*** Block opens ***

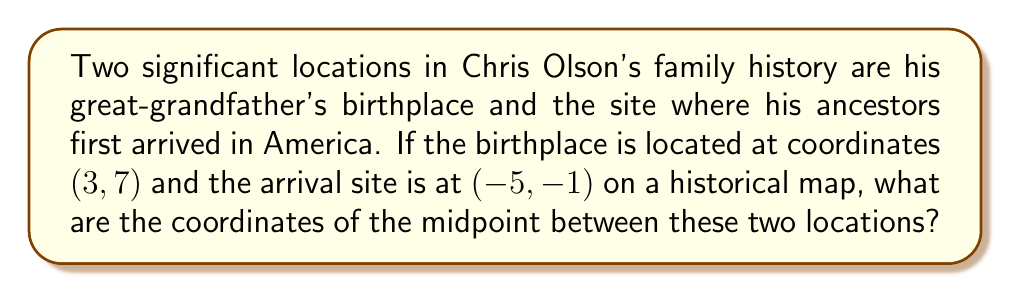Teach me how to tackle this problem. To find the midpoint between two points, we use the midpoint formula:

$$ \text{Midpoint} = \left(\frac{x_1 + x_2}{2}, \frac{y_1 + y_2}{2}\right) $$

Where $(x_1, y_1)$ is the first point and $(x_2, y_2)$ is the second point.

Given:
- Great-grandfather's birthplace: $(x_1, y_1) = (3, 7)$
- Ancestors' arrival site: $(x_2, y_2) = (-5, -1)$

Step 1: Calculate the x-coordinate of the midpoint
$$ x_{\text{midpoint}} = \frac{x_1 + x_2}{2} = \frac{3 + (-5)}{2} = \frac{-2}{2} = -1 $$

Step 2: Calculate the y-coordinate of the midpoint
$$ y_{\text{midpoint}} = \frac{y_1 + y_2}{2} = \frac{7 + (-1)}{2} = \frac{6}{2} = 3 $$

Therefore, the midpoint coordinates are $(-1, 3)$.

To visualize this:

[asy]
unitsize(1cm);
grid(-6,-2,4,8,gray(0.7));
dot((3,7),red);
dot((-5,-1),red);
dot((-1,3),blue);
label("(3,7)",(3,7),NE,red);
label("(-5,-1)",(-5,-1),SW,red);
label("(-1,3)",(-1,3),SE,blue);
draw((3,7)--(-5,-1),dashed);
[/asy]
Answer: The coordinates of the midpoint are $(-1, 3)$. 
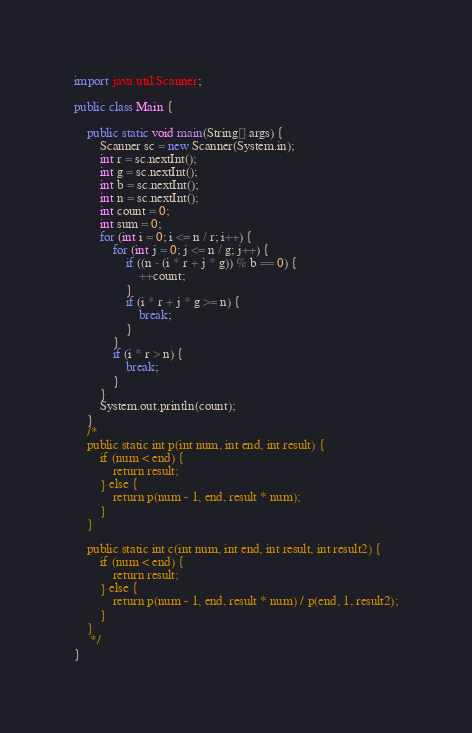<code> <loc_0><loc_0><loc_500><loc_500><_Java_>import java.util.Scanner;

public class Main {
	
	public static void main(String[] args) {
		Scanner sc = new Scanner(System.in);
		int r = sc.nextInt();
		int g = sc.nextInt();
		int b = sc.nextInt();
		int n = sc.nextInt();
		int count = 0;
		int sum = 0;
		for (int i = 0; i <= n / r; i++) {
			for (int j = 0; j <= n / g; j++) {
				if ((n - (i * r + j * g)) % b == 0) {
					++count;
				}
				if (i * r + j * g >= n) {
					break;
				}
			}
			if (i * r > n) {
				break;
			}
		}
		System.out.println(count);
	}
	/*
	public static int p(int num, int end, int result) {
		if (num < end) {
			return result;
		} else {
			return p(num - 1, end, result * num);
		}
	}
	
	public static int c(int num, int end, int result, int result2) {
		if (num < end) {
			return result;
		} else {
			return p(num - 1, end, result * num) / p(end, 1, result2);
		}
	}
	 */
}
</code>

*** Block closes ***
*** Block opens ***

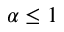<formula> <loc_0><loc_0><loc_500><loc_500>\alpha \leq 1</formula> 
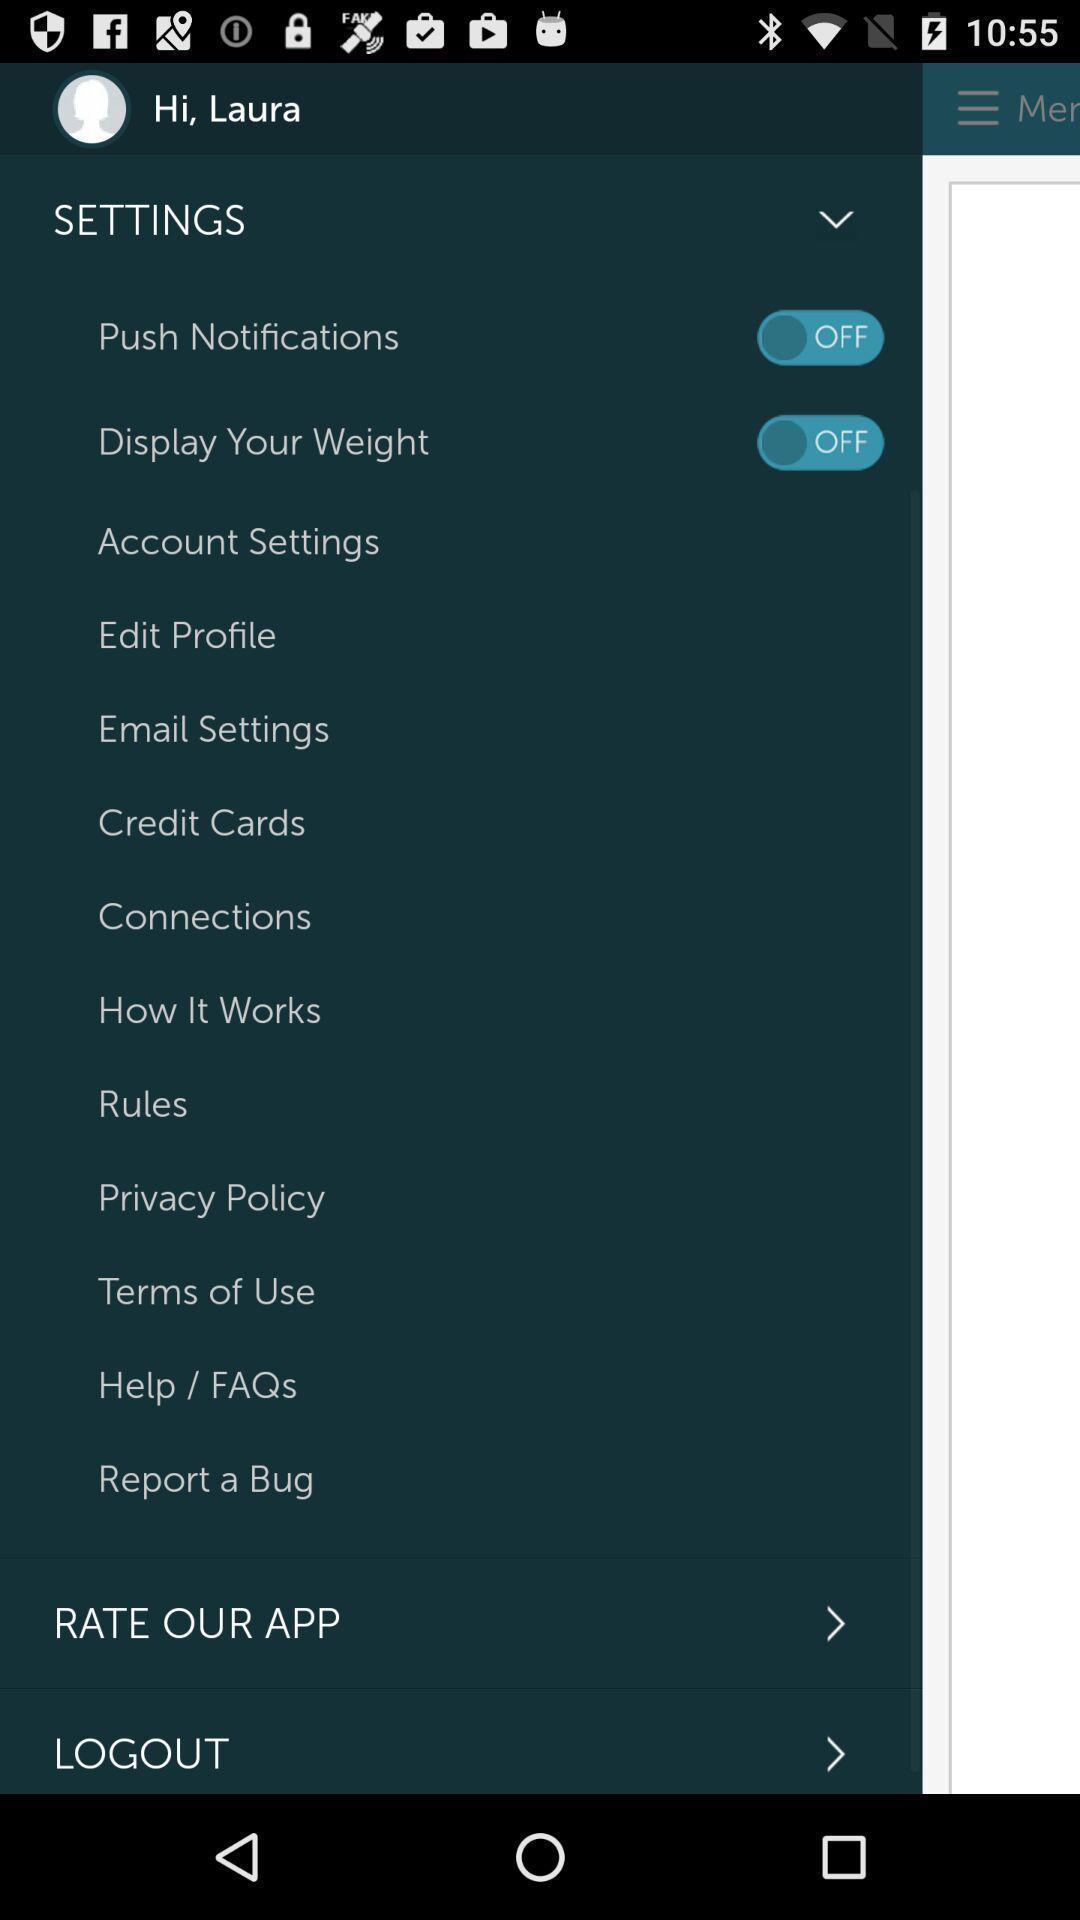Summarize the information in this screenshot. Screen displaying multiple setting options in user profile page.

*** Block closes ***

▶ _WORK REQUIRED_: Return exactly, and only, the lines above starting at the line that contains "public class Main" and ending at the line that contains "int sum = 0;".

▶ _ANSWER TO THIS EXERCISE_:
public class Main {
	
	public static void main(String[] args) {
		Scanner sc = new Scanner(System.in);
		int r = sc.nextInt();
		int g = sc.nextInt();
		int b = sc.nextInt();
		int n = sc.nextInt();
		int count = 0;
		int sum = 0;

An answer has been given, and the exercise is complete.